Capurso’s culminating project? He is establishing an SCCC student chapter of NABA, a prominent national organization of Black business leaders. “Crazier things have happened,” he says, admitting that he had some misgivings as a white man organizing a Black club chapter—but his department had no Black full-time faculty to do the work, and he is convinced students could benefit from an organization that would connect them to Black professionals and possible mentors. As faculty adviser, Capurso plans to stay in the background and hand over the reins when his department diversifies to better reflect the changing student body.

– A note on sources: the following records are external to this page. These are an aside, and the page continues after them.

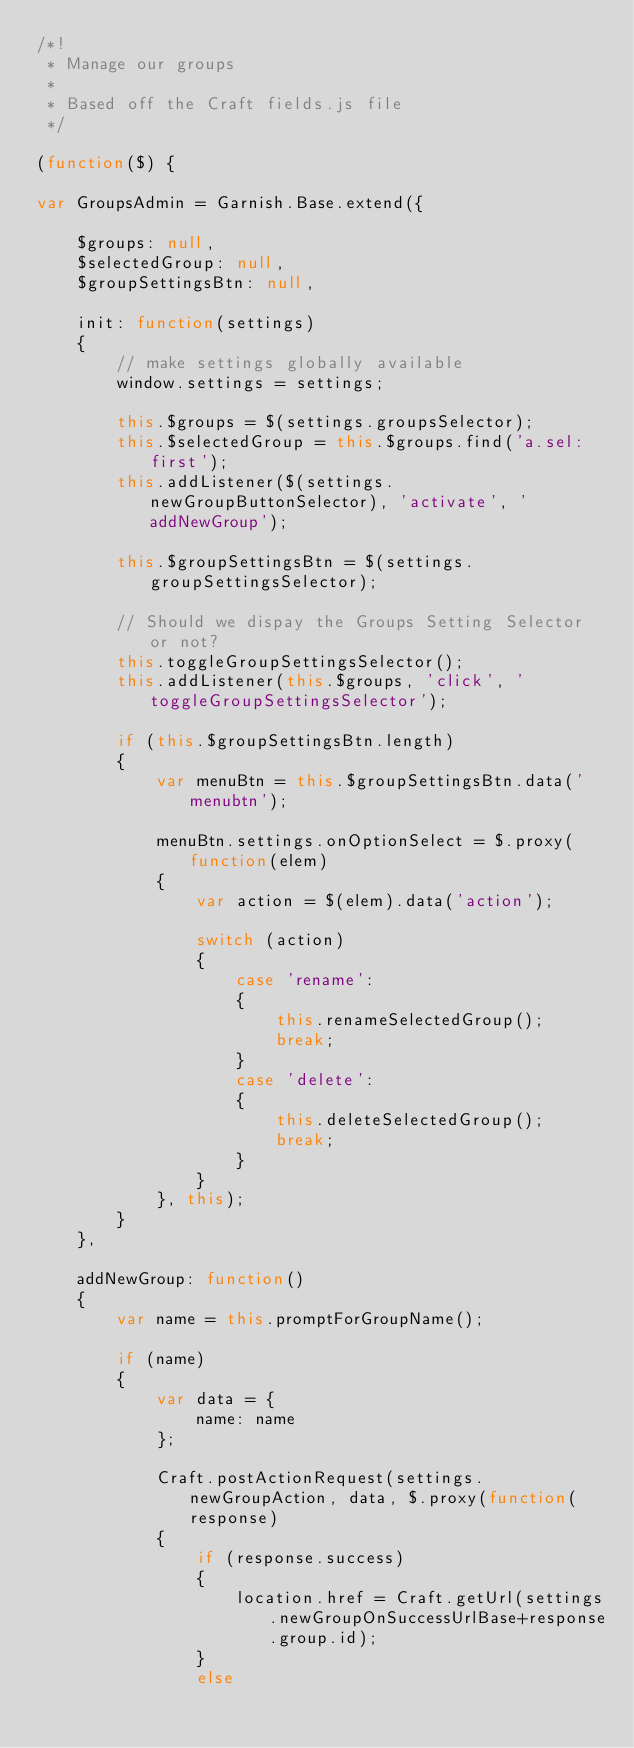<code> <loc_0><loc_0><loc_500><loc_500><_JavaScript_>/*!
 * Manage our groups
 * 
 * Based off the Craft fields.js file
 */

(function($) {

var GroupsAdmin = Garnish.Base.extend({

	$groups: null,
	$selectedGroup: null,
	$groupSettingsBtn: null,

	init: function(settings)
	{
		// make settings globally available
		window.settings = settings;

		this.$groups = $(settings.groupsSelector);
		this.$selectedGroup = this.$groups.find('a.sel:first');
		this.addListener($(settings.newGroupButtonSelector), 'activate', 'addNewGroup');

		this.$groupSettingsBtn = $(settings.groupSettingsSelector);

		// Should we dispay the Groups Setting Selector or not?
		this.toggleGroupSettingsSelector();
		this.addListener(this.$groups, 'click', 'toggleGroupSettingsSelector');
	
		if (this.$groupSettingsBtn.length)
		{
			var menuBtn = this.$groupSettingsBtn.data('menubtn');
			
			menuBtn.settings.onOptionSelect = $.proxy(function(elem)
			{
				var action = $(elem).data('action');

				switch (action)
				{
					case 'rename':
					{
						this.renameSelectedGroup();
						break;
					}
					case 'delete':
					{
						this.deleteSelectedGroup();
						break;
					}
				}
			}, this);
		}
	},

	addNewGroup: function()
	{
		var name = this.promptForGroupName();

		if (name)
		{
			var data = {
				name: name
			};

			Craft.postActionRequest(settings.newGroupAction, data, $.proxy(function(response)
			{
				if (response.success)
				{
					location.href = Craft.getUrl(settings.newGroupOnSuccessUrlBase+response.group.id);
				}
				else</code> 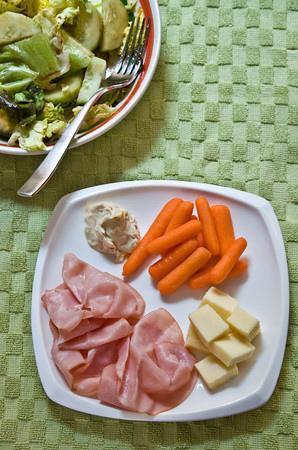Which corner of the plate contains meat?
Answer the question by selecting the correct answer among the 4 following choices and explain your choice with a short sentence. The answer should be formatted with the following format: `Answer: choice
Rationale: rationale.`
Options: Top right, bottom left, bottom right, top left. Answer: bottom left.
Rationale: That area holds thinly sliced carnivore treats.  the other three corners have vegetarian fare. 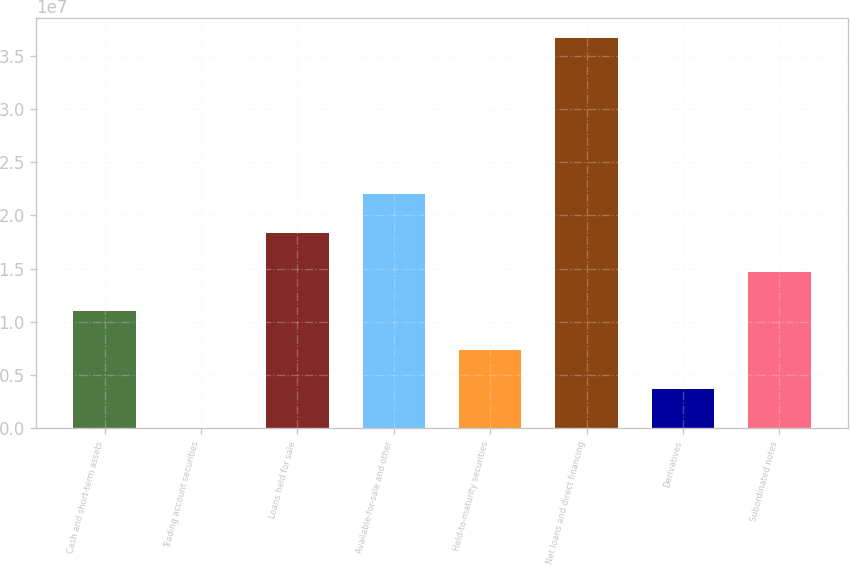Convert chart to OTSL. <chart><loc_0><loc_0><loc_500><loc_500><bar_chart><fcel>Cash and short-term assets<fcel>Trading account securities<fcel>Loans held for sale<fcel>Available-for-sale and other<fcel>Held-to-maturity securities<fcel>Net loans and direct financing<fcel>Derivatives<fcel>Subordinated notes<nl><fcel>1.10331e+07<fcel>45899<fcel>1.83579e+07<fcel>2.20203e+07<fcel>7.37068e+06<fcel>3.66698e+07<fcel>3.70829e+06<fcel>1.46955e+07<nl></chart> 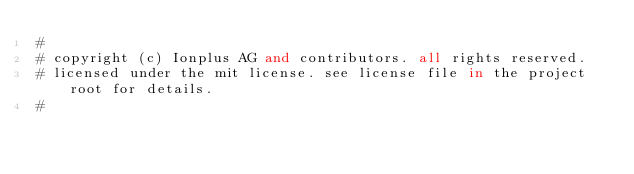<code> <loc_0><loc_0><loc_500><loc_500><_SQL_>#
# copyright (c) Ionplus AG and contributors. all rights reserved.
# licensed under the mit license. see license file in the project root for details.
#
</code>

JEDI leaders hope that these sorts of projects inspire and support students, not just in accounting but across all departments. Even small changes are already changing lives. Eaton especially loves to share the story of Ana Fuentes, an adult student who didn’t speak English when she started classes; she felt as though she didn’t belong in college at all. But one faculty member recognized her capabilities and took the time to tell her she should enroll in the honors program. Fuentes wound up winning several scholarships, graduated from SCCC and is now thriving at Stony Brook University.
“It absolutely changed the trajectory of her life,” says Eaton of that brief faculty-student conversation. She hopes JEDI will continue to generate similar stories of success and connection.